En entrainant Washington dans sa logique de surenchère le gouvernement Netanyahou prend le risque d’affaiblir son propre parapluie sécuritaire : il scie la branche sur laquelle il se trouve. Depuis le 7 octobre 2023, le Qatar est le cinquième pays directement visé par des bombardements israéliens. Et le ciblage d’une flottille humanitaire au large de Tunis dans la nuit du 8 au 9 septembre semble confirmer sa volonté d’étendre son action à l’échelle régionale, sans crainte des répercutions. Pourtant, cet hubris prive Israël d’un de ses principaux objectifs : se bâtir un environnement régional de sécurité, autrefois facilité par l’influence et le soutien des États-Unis, moteur de la dynamique des Accords d’Abraham. Cet horizon s’éloigne pour Israël, si ce n’est, pense-t-il,  en l’imposant par les armes.

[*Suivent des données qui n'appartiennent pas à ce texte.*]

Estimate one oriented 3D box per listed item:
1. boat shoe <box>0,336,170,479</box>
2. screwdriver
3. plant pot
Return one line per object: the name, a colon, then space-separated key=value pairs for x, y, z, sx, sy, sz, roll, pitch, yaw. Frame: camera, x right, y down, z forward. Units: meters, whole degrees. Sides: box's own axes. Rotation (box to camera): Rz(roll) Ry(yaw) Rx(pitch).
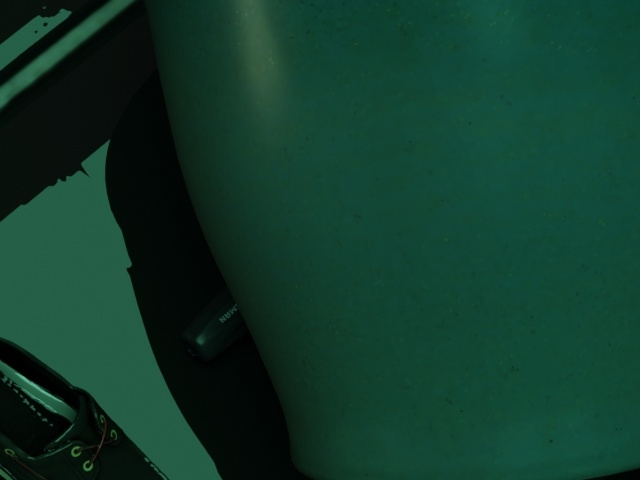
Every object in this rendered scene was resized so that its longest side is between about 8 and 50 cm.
boat shoe: x=-0.113 y=0.091 z=0.737 sx=0.133 sy=0.042 sz=0.049 roll=38 pitch=51 yaw=-9
screwdriver: x=0.000 y=0.000 z=0.803 sx=0.170 sy=0.024 sz=0.025 roll=-39 pitch=52 yaw=-19
plant pot: x=0.065 y=-0.037 z=0.698 sx=0.272 sy=0.271 sz=0.255 roll=-7 pitch=94 yaw=-10
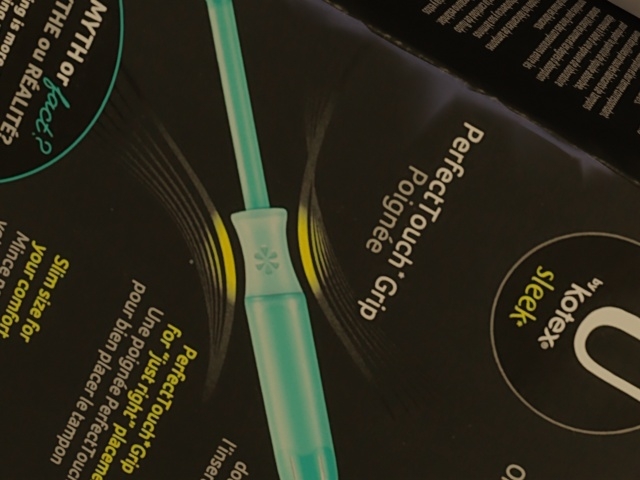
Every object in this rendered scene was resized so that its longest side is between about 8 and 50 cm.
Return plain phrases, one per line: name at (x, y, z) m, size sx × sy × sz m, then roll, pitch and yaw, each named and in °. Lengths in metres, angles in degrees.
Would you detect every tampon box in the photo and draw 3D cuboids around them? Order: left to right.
tampon box at (0.000, 0.000, 0.388) m, size 0.161 × 0.101 × 0.120 m, roll 31°, pitch 114°, yaw 6°
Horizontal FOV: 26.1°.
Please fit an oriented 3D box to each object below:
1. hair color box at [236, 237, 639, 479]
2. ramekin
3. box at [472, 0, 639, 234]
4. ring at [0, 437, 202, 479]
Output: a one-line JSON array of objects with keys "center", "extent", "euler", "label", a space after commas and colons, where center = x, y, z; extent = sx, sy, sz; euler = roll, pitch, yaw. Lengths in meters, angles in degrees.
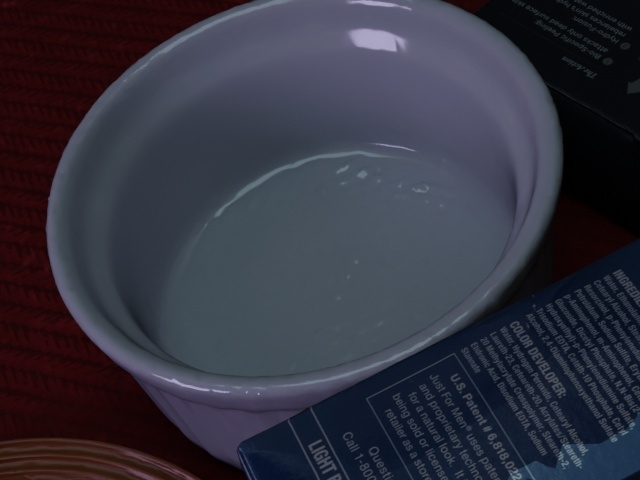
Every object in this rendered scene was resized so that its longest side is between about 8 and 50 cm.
[{"center": [0.154, 0.093, 0.636], "extent": [0.347, 0.174, 0.105], "euler": [-27, 52, -6], "label": "hair color box"}, {"center": [0.000, 0.000, 0.775], "extent": [0.277, 0.135, 0.277], "euler": [-7, 52, 9], "label": "ramekin"}, {"center": [0.191, -0.108, 0.832], "extent": [0.158, 0.093, 0.156], "euler": [-41, 54, -18], "label": "box"}, {"center": [-0.158, 0.244, 0.667], "extent": [0.337, 0.032, 0.336], "euler": [-2, 55, 3], "label": "ring"}]

La colonisation et le statu quo imposé

La fuite en avant israélienne s’inscrit également dans une stratégie plus large d’imposer un statu quo sur la question palestinienne face aux offensives diplomatiques. En effet, de nombreuses chancelleries occidentales ont annoncé qu’elles reconnaitraient l’État palestinien à l’occasion de la 80e Assemblée générale des Nations Unies, le 22 septembre prochain. L’initiative, menée par la France et l’Arabie saoudite, regroupe également la Grande-Bretagne, la Belgique, le Canada et l’Australie. Dans ce cadre, Paris et Riyad souhaitent convaincre les États membres de l’ONU de se rallier à une déclaration posant les principes d’un règlement du conflit par la création d’un État palestinien.

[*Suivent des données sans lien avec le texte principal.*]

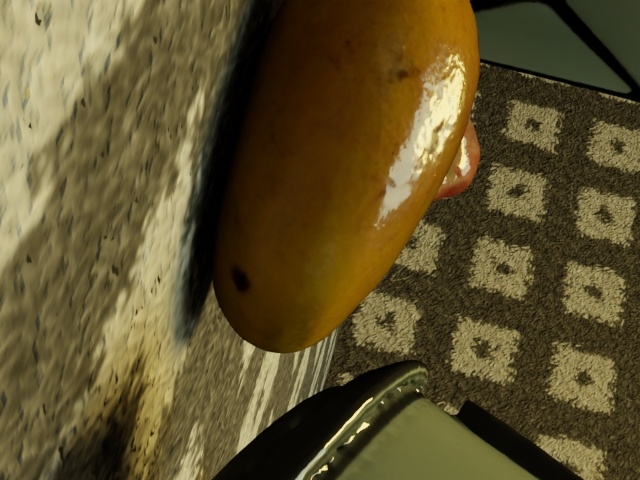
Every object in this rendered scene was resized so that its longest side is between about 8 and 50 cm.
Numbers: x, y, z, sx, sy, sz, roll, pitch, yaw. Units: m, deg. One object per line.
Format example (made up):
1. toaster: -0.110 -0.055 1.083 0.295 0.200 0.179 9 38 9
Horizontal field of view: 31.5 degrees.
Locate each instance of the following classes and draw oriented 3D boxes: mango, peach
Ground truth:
1. mango: 0.007 -0.039 0.466 0.115 0.090 0.178 140 -26 -83
2. peach: 0.096 -0.105 1.286 0.152 0.152 0.152 15 90 -86

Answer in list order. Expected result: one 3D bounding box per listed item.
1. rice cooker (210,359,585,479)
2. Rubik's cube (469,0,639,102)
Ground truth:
1. rice cooker: 0.016 0.175 0.382 0.241 0.227 0.280 -52 165 -13
2. Rubik's cube: 0.173 -0.266 0.754 0.248 0.250 0.246 101 6 -73

Mais, sur le terrain, l’initiative pourrait venir se fracasser sur la réalité. Alors que l’état-major israélien poursuit son opération militaire dans la ville de Gaza visant à prendre le contrôle de l’ensemble de l’enclave, la colonisation en Cisjordanie s’accélère. Le 23 juillet dernier, la Knesset a adopté une motion symbolique appelant à la souveraineté totale d’Israël dans les territoires occupés, accordant au gouvernement une enveloppe de plus de 200 millions d’euros pour la construction d’infrastructures. Le mois suivant a été lancé le projet d’occupation de la zone dite «E1» (Est 1), située à l’est de Jérusalem[12]. Porté par le ministre des Finances d’extrême droite, Benzalel Smotrich, il permettrait d’étendre l’emprise des colonies autour de la capitale de jure de l’Autorité Palestinienne et couperait la Cisjordanie en deux, oblitérant ainsi tout espoir d’ériger un État palestinien viable, déjà mité par la colonisation.

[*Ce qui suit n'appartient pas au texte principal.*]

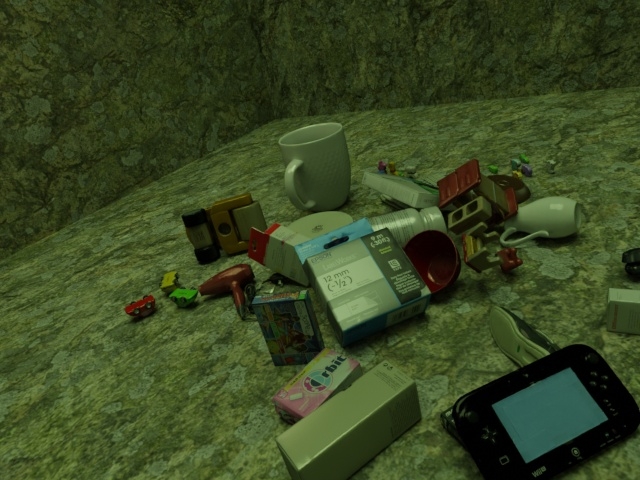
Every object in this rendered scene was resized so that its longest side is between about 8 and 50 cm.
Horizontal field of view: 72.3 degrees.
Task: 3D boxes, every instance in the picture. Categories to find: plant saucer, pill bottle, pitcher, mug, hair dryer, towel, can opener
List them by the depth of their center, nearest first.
[{"bbox_3d":[0.845,0.052,1.093,0.186,0.073,0.059,-8,18,-7],"label":"can opener"},{"bbox_3d":[0.660,-0.049,1.326,0.207,0.125,0.177,-2,48,44],"label":"pitcher"},{"bbox_3d":[0.244,-0.012,1.392,0.283,0.160,0.160,-14,27,2],"label":"pill bottle"},{"bbox_3d":[-0.272,0.152,1.420,0.294,0.080,0.223,-1,29,25],"label":"hair dryer"},{"bbox_3d":[0.679,-0.201,1.633,0.199,0.036,0.198,-3,33,2],"label":"plant saucer"},{"bbox_3d":[0.436,-0.191,1.754,0.312,0.056,0.324,-23,27,-15],"label":"towel"},{"bbox_3d":[-0.028,-0.277,1.845,0.276,0.328,0.374,4,33,32],"label":"mug"}]

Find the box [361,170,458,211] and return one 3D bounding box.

L’administration Trump joue un rôle déterminant à cet égard. Alors que les précédents gouvernements étaient opposés à ce projet qui date des années 1990, une première mouture ayant même été rejetée sous Joe Biden, Washington a désormais levé son veto. De même, en réponse à l’initiative diplomatique franco-saoudienne, le département d’État américain a annoncé le 29 août qu’il allait refuser et révoquer les visas des membres des organisations qui représenteront les Palestiniens à l’Assemblée générale de l’ONU[13].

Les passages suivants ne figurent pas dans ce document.